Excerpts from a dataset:
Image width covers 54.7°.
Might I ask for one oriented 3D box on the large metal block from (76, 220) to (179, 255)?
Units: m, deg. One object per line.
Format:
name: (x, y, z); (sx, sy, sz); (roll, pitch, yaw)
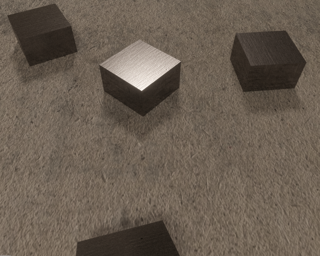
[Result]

* _About this task_:
Please transcribe all of the records above exactly, leaving out any pictures.

* _Result for this exercise_:
Image width covers 54.7°.
Might I ask for one oriented 3D box on the large metal block from (76, 220) to (179, 255)?
Units: m, deg. One object per line.
Format:
name: (x, y, z); (sx, sy, sz); (roll, pitch, yaw)
[Result]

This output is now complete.